Essas teorias foram batizadas por Saviani, no livro Escola e Democracia, de teorias não-críticas. Compreendendo criticidade como a clareza da relação entre educação e sociedade, e da dependência da educação em relação à sociedade na qual ela é instituída, nada mais lógico que considerar tais teorias como não-críticas, justamente porque não contemplam essa percepção.
Leia também: OS ALUNOS DE HOJE E A ESCOLA DE SEMPRE
PEDAGOGIA HISTÓRICO-CRÍTICA: PRESSUPOSTOS E ESTRUTURA
Apresentou-se, contudo, um contexto teórico no qual, por um lado, se admitia que se o papel da educação é reproduzir a sociedade, então, qualquer que seja o tipo de educação que se desenvolva, ela vai estar sempre reproduzindo-a. Logo, é impossível uma educação que tenha algum influxo transformador sobre a sociedade. Por outro, tendia a colocar a possibilidade de uma educação transformadora no âmbito da própria sociedade, dos movimentos sociais e de classe, e nesse sentido secundarizando, quando não desvalorizando, o papel da escola, no que Saviani chama de “visões emancipadoras da educação”.

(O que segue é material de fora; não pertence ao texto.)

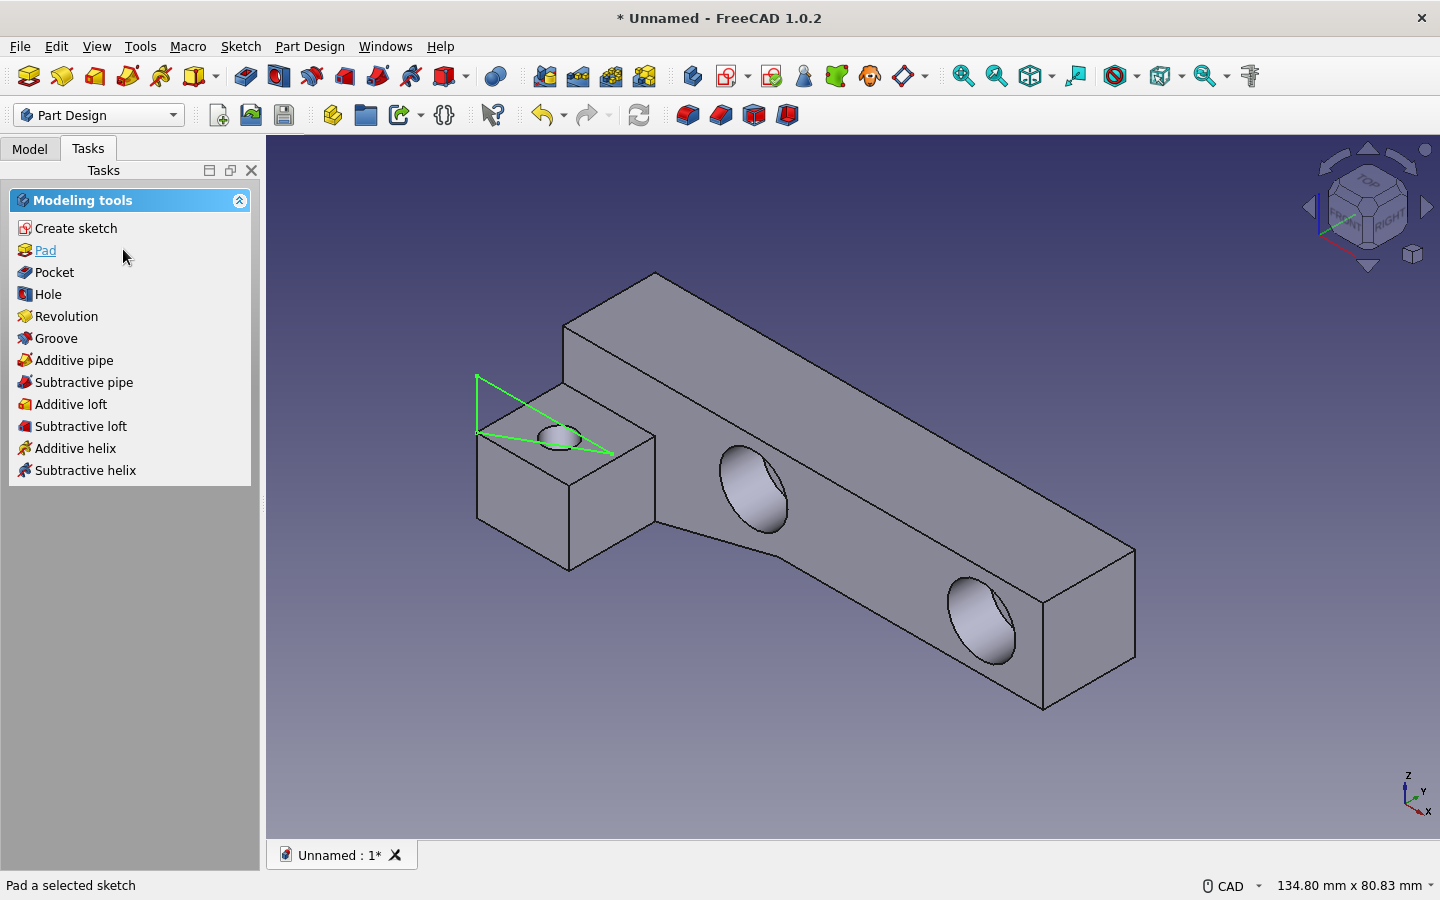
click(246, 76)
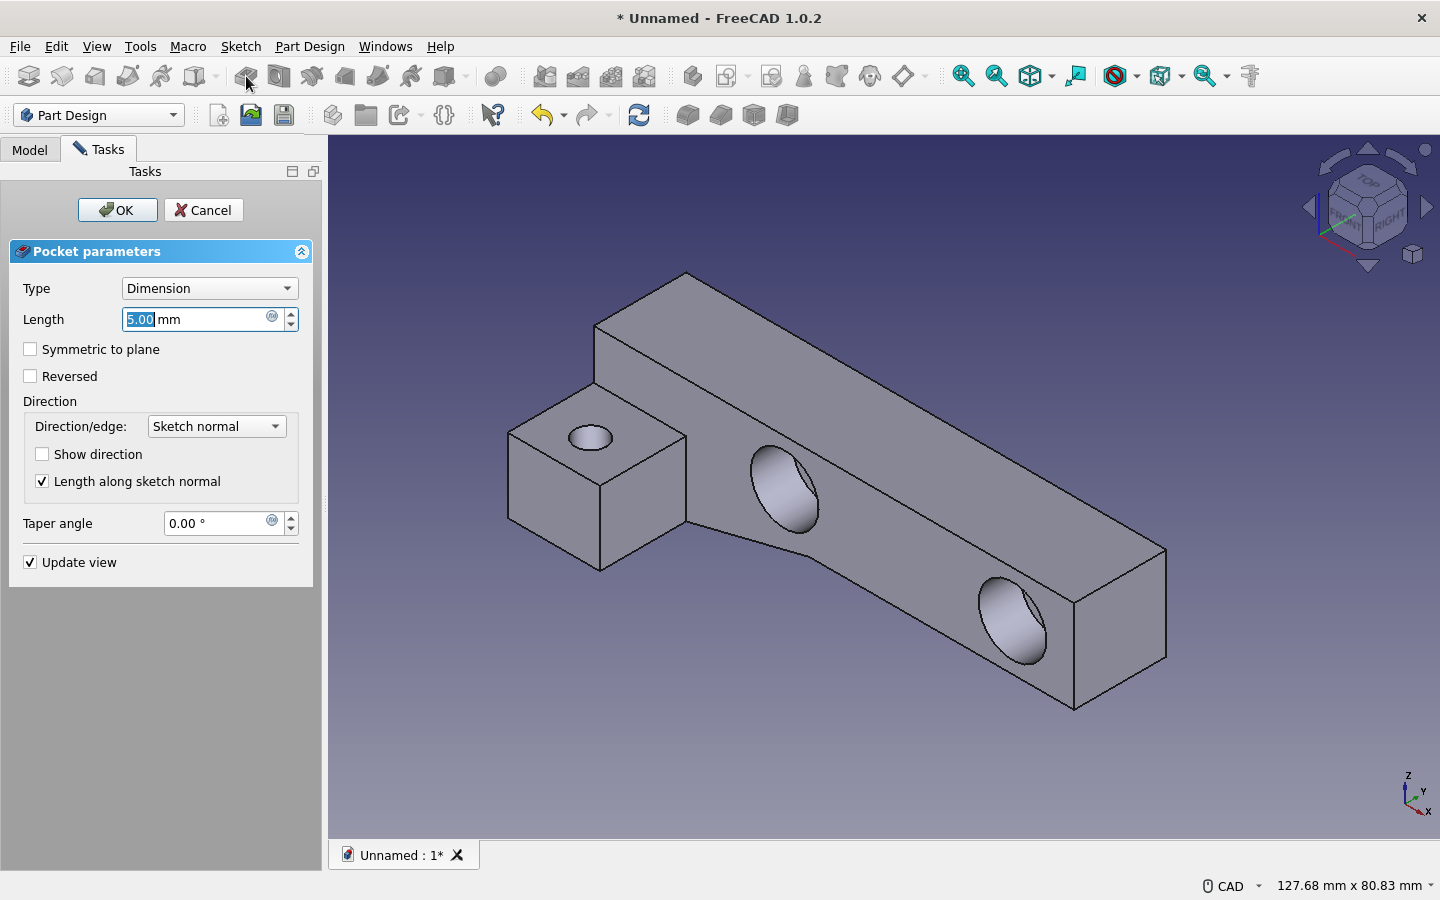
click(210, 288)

Daí, a oposição entre teoria e prática, que está sempre presente no campo educacional. Seu suporte é o raciocínio formal: se é teoria não é prática e se é prática não é teoria. E foi exatamente para resolver essas dicotomias que Saviani foi impelido a elaborar uma nova teoria que superasse a limitação lógico-formal das teorias pedagógicas correntes.
Elaborando a crítica dessas teorias, Saviani percebeu o seguinte problema: seria possível construir uma teoria crítica da educação, portanto uma teoria que tenha consciência dos determinantes sociais e que não fosse reprodutivista? Ou seja, que pudesse orientar a ação dos educadores, dos professores, num sentido transformador? A resposta por ele elaborada foi justamente a formulação da Pedagogia histórico-crítica.
Para a Pedagogia histórico-crítica, portanto, a educação insere-se na sociedade e é por ela determinada, participando desse movimento contraditório. Vale refletir que o saber se converteu, com a sociedade capitalista, em força produtiva, em meio de produção; e como nessa sociedade os meios de produção são propriedade privada, entende-se a dificuldade que a sociedade capitalista tem de estender o saber para todos. Dentro dessa perspectiva, a possibilidade de se estender o saber para todos passa pela mudança dessa sociedade, ou seja, pela socialização dos meios de produção que implicam a construção de uma sociedade que supere a ordem capitalista.
Nessa linha, é possível perceber o que Saviani denominou como HISTÓRICO, embasado no materialismo histórico, dialético, que ultrapassa a lógica formal. Bem como, já aponta para o que ele quis dizer como CRÍTICA, uma vez que evidencia as relações entre a educação e a sociedade. Cabe agora nos debruçarmos em entender qual o caráter pedagógico proposto por Saviani.
Nesse sentido, e considerando a especificidade da educação, para Saviani, a escola diz respeito ao conhecimento elaborado e não ao conhecimento espontâneo; ao saber sistematizado e não ao saber fragmentado; à cultura erudita e não à cultura popular, de modo que a prática de transformação possa ocorrer a partir do momento que se dá acesso às ferramentas de argumentação estruturada e conhecimento científico e cultural, para que as massas possam fazer as suas reivindicações.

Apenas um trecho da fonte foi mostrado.